In my seventy-two years on earth I had never met an Innuit and never imagined that I would. I headed over to that fence and found a dozen or so young people, in their late teens, who had come out to the airport because they had heard our plane was going to stop there. I had read about the Innuit (the name “Eskimo” was given to them by the colonists) as a boy, and the impression I received from the racist colonialist texts was that they were a backward culture.

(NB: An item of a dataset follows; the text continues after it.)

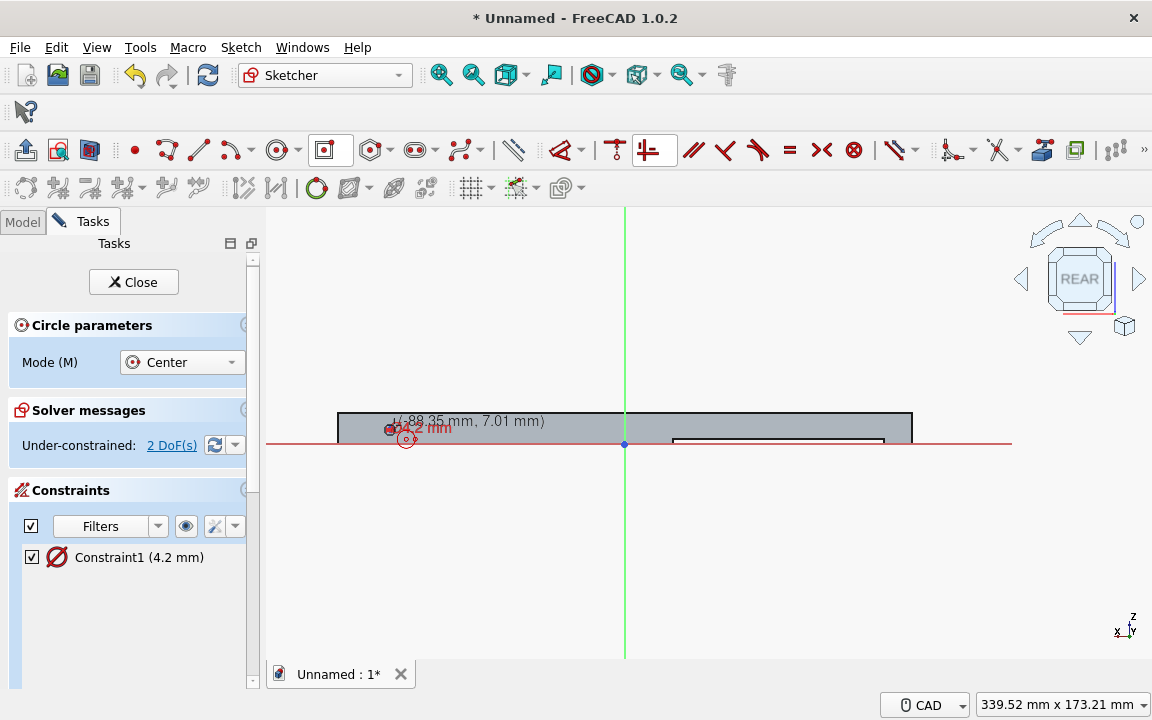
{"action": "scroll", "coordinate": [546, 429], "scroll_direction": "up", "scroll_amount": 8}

But in talking with these bright young people, I learned that they had watched my release on television and were familiar with events in South Africa. “Viva ANC!” one of them said. The Innuit are an aboriginal people historically mistreated by a white settler population; there were parallels between the plights of black South Africans and the Innuit people. What struck me so forcefully was how small the planet had become during my decades in prison; it was amazing to me that a teenaged Innuit living at the roof of the world could watch the release of a political prisoner on the southern tip of Africa. Television had shrunk the world, and had in the process become a great weapon for eradicating ignorance and promoting democracy.

 

 

After Dublin, I went to London, where I had a three-hour meeting with Mrs. Thatcher. Standing out in the cold talking with the young Innuits had given me a chill. On the day I was to see Mrs. Thatcher it was wintry and raining, and as we were leaving, Winnie told me I must take a raincoat. We were already in the lobby of the hotel, and if I went back for my coat we would be late. I am a stickler about punctuality, not only because I think it is a sign of respect to the person you are meeting but in order to combat the Western stereotype of Africans as being notoriously tardy. I told Winnie we did not have time, and instead I stood out in the rain signing autographs for some children. By the time I got to Mrs. Thatcher I was feeling poorly, and I was later diagnosed as having a mild case of pneumonia.

But it did not interfere with our meeting, except that she chided me like a schoolmarm for not taking her advice and cutting down on my schedule. Even though Mrs. Thatcher was on the opposite side of the ANC on many issues, such as sanctions, she was always a forthright and solicitous lady. In our meeting that day, though, I could not make the slightest bit of headway with her on the question of sanctions.